GOAL OF THE EXERCISE = Set down each of the records below exactly as it reads. No pictures go into the copy.

RECORDS SUPPLIED =

---*---

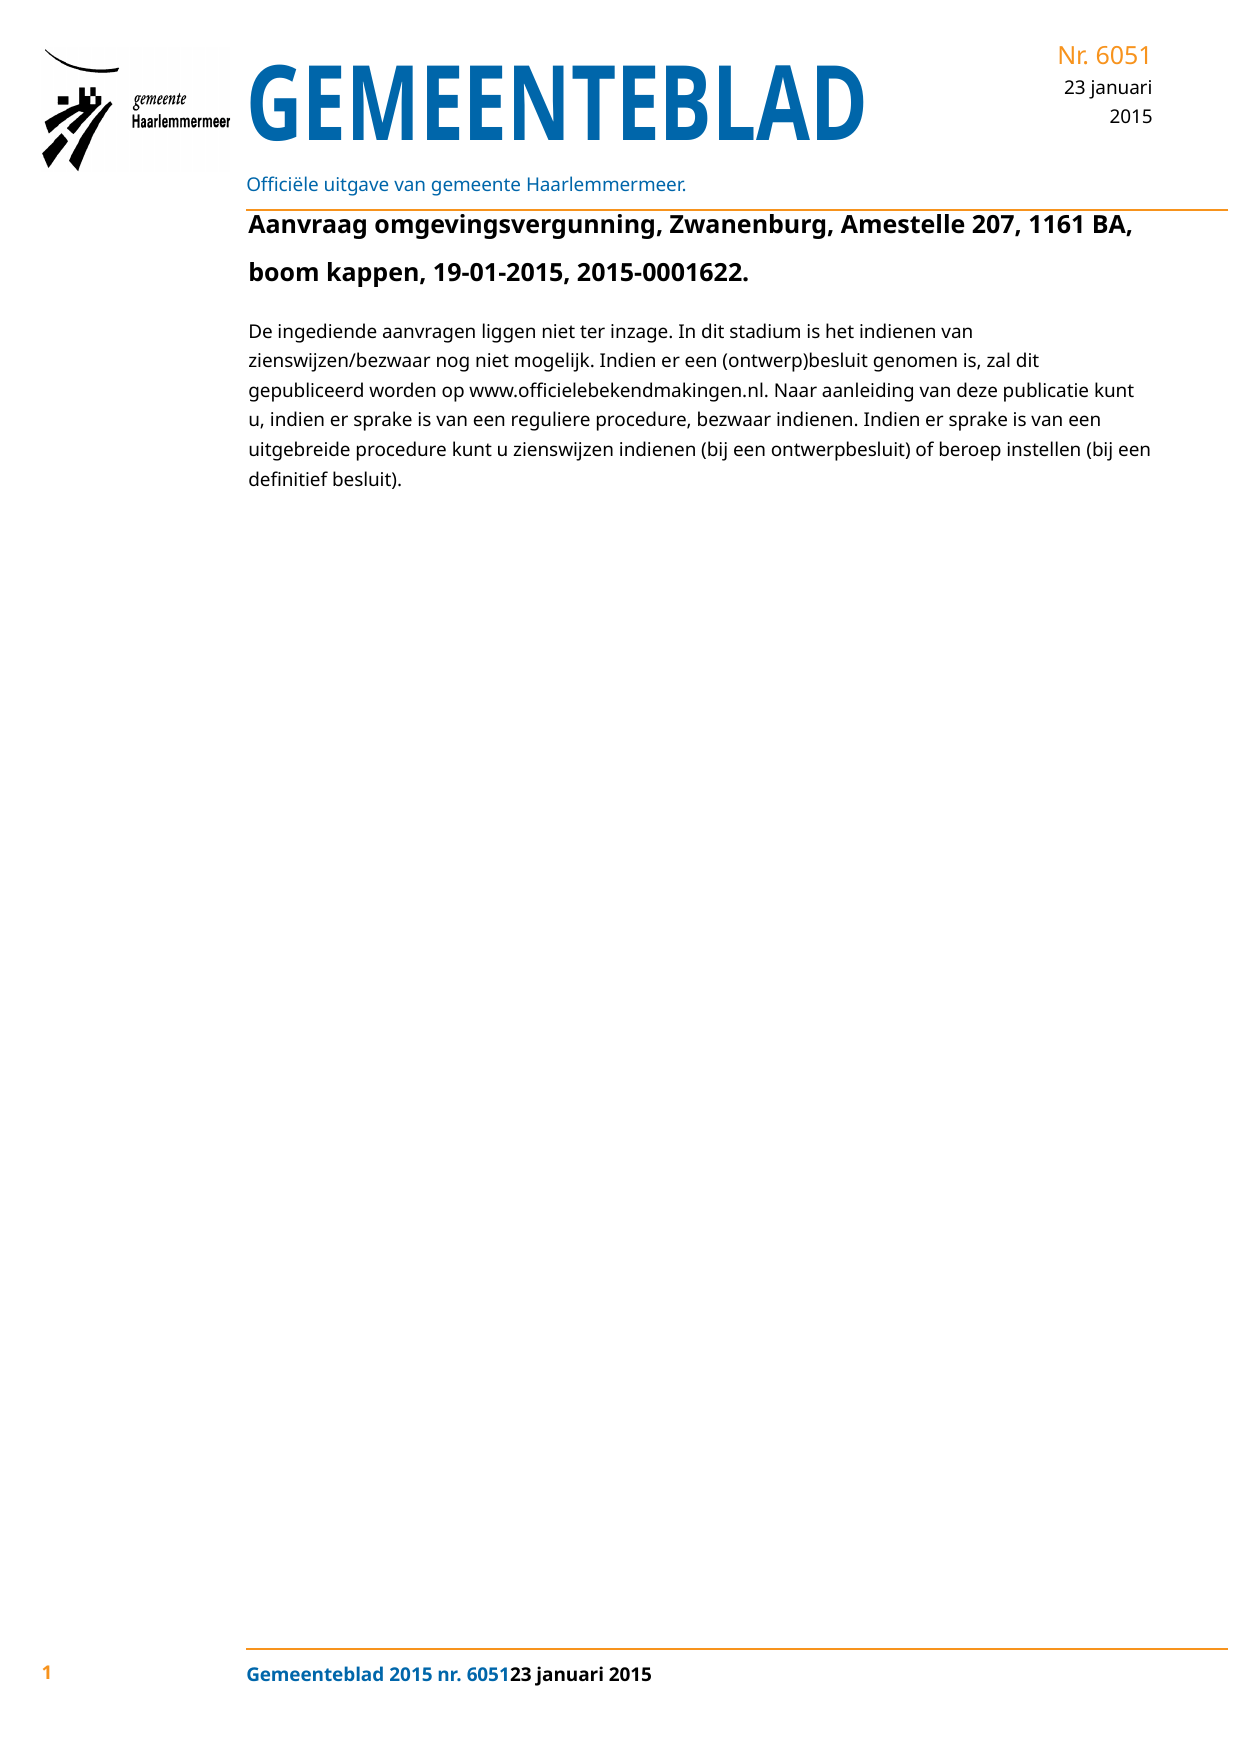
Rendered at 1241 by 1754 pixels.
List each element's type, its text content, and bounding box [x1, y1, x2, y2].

text De ingediende aanvragen liggen niet ter inzage. In dit stadium is het indienen van zienswijzen/bezwaar nog niet mogelijk. Indien er een (ontwerp)besluit genomen is, zal dit gepubliceerd worden op www.officielebekendmakingen.nl. Naar aanleiding van deze publicatie kunt u, indien er sprake is van een reguliere procedure, bezwaar indienen. Indien er sprake is van een uitgebreide procedure kunt u zienswijzen indienen (bij een ontwerpbesluit) of beroep instellen (bij een definitief besluit). [248, 318, 1152, 492]
picture [41, 47, 231, 172]
text Aanvraag omgevingsvergunning, Zwanenburg, Amestelle 207, 1161 BA, boom kappen, 19-01-2015, 2015-0001622. [248, 211, 1152, 288]
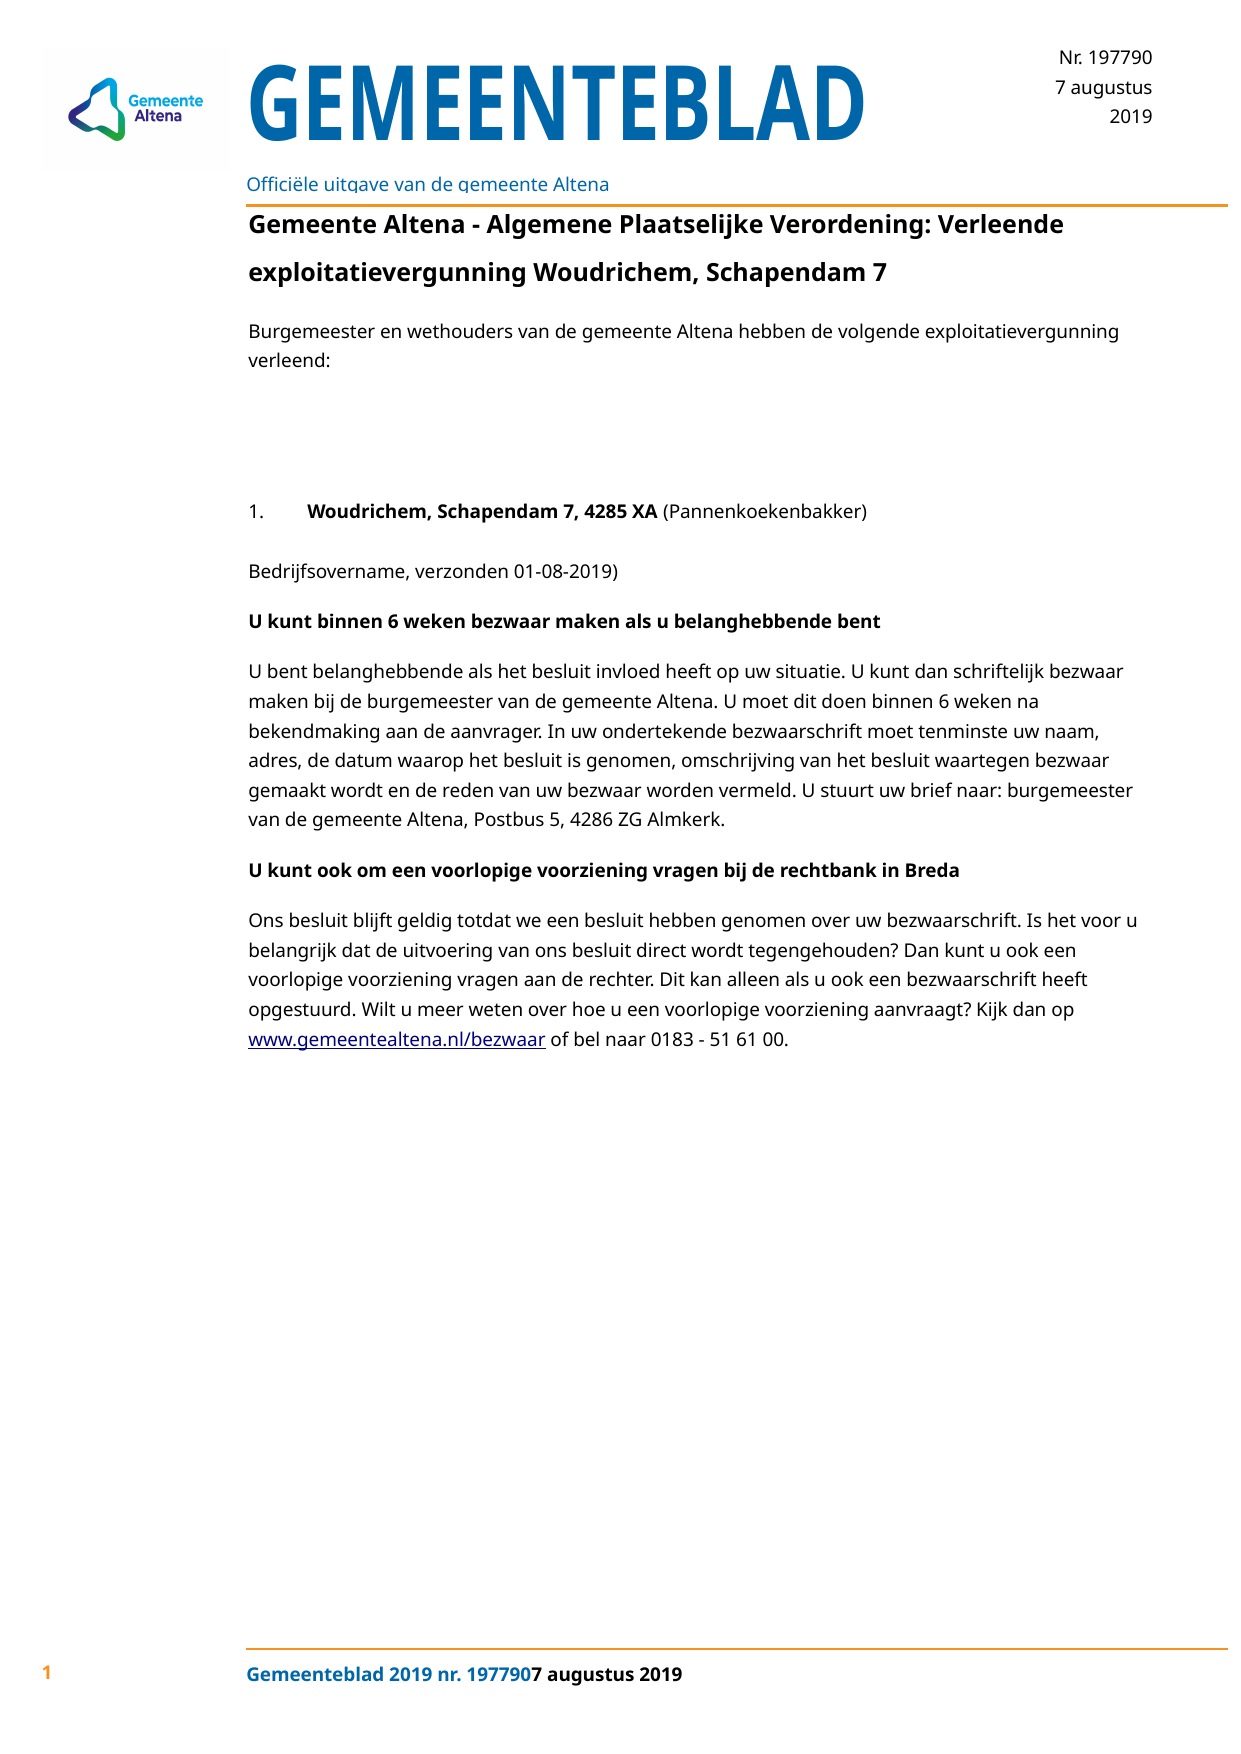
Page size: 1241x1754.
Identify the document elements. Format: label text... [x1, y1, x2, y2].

list Woudrichem, Schapendam 7, 4285 XA (Pannenkoekenbakker) [248, 499, 1152, 524]
text Ons besluit blijft geldig totdat we een besluit hebben genomen over uw bezwaarschrift. Is het voor u belangrijk dat de uitvoering van ons besluit direct wordt tegengehouden? Dan kunt u ook een voorlopige voorziening vragen aan de rechter. Dit kan alleen als u ook een bezwaarschrift heeft opgestuurd. Wilt u meer weten over hoe u een voorlopige voorziening aanvraagt? Kijk dan op www.gemeentealtena.nl/bezwaar of bel naar 0183 - 51 61 00. [248, 907, 1152, 1052]
picture [41, 47, 231, 172]
text U kunt binnen 6 weken bezwaar maken als u belanghebbende bent [248, 608, 1152, 634]
text U kunt ook om een voorlopige voorziening vragen bij de rechtbank in Breda [248, 857, 1152, 883]
text Gemeente Altena - Algemene Plaatselijke Verordening: Verleende exploitatievergunning Woudrichem, Schapendam 7 [248, 207, 1152, 288]
text Burgemeester en wethouders van de gemeente Altena hebben de volgende exploitatievergunning verleend: [248, 318, 1152, 373]
text U bent belanghebbende als het besluit invloed heeft op uw situatie. U kunt dan schriftelijk bezwaar maken bij de burgemeester van de gemeente Altena. U moet dit doen binnen 6 weken na bekendmaking aan de aanvrager. In uw ondertekende bezwaarschrift moet tenminste uw naam, adres, de datum waarop het besluit is genomen, omschrijving van het besluit waartegen bezwaar gemaakt wordt en de reden van uw bezwaar worden vermeld. U stuurt uw brief naar: burgemeester van de gemeente Altena, Postbus 5, 4286 ZG Almkerk. [248, 659, 1152, 832]
text Bedrijfsovername, verzonden 01-08-2019) [248, 558, 1152, 584]

---*---

EXERCISE OUTPUT =
Rendered at 1241 by 1754 pixels.
List each element's type, its text content, and bounding box [x1, y1, x2, y2].

text De ingediende aanvragen liggen niet ter inzage. In dit stadium is het indienen van zienswijzen/bezwaar nog niet mogelijk. Indien er een (ontwerp)besluit genomen is, zal dit gepubliceerd worden op www.officielebekendmakingen.nl. Naar aanleiding van deze publicatie kunt u, indien er sprake is van een reguliere procedure, bezwaar indienen. Indien er sprake is van een uitgebreide procedure kunt u zienswijzen indienen (bij een ontwerpbesluit) of beroep instellen (bij een definitief besluit). [248, 318, 1152, 492]
picture [41, 47, 231, 172]
text Aanvraag omgevingsvergunning, Zwanenburg, Amestelle 207, 1161 BA, boom kappen, 19-01-2015, 2015-0001622. [248, 211, 1152, 288]
Page size: 1241x1754.
Identify the document elements. Format: label text... [x1, y1, x2, y2].

list Woudrichem, Schapendam 7, 4285 XA (Pannenkoekenbakker) [248, 499, 1152, 524]
text Ons besluit blijft geldig totdat we een besluit hebben genomen over uw bezwaarschrift. Is het voor u belangrijk dat de uitvoering van ons besluit direct wordt tegengehouden? Dan kunt u ook een voorlopige voorziening vragen aan de rechter. Dit kan alleen als u ook een bezwaarschrift heeft opgestuurd. Wilt u meer weten over hoe u een voorlopige voorziening aanvraagt? Kijk dan op www.gemeentealtena.nl/bezwaar of bel naar 0183 - 51 61 00. [248, 907, 1152, 1052]
picture [41, 47, 231, 172]
text U kunt binnen 6 weken bezwaar maken als u belanghebbende bent [248, 608, 1152, 634]
text U kunt ook om een voorlopige voorziening vragen bij de rechtbank in Breda [248, 857, 1152, 883]
text Gemeente Altena - Algemene Plaatselijke Verordening: Verleende exploitatievergunning Woudrichem, Schapendam 7 [248, 207, 1152, 288]
text Burgemeester en wethouders van de gemeente Altena hebben de volgende exploitatievergunning verleend: [248, 318, 1152, 373]
text U bent belanghebbende als het besluit invloed heeft op uw situatie. U kunt dan schriftelijk bezwaar maken bij de burgemeester van de gemeente Altena. U moet dit doen binnen 6 weken na bekendmaking aan de aanvrager. In uw ondertekende bezwaarschrift moet tenminste uw naam, adres, de datum waarop het besluit is genomen, omschrijving van het besluit waartegen bezwaar gemaakt wordt en de reden van uw bezwaar worden vermeld. U stuurt uw brief naar: burgemeester van de gemeente Altena, Postbus 5, 4286 ZG Almkerk. [248, 659, 1152, 832]
text Bedrijfsovername, verzonden 01-08-2019) [248, 558, 1152, 584]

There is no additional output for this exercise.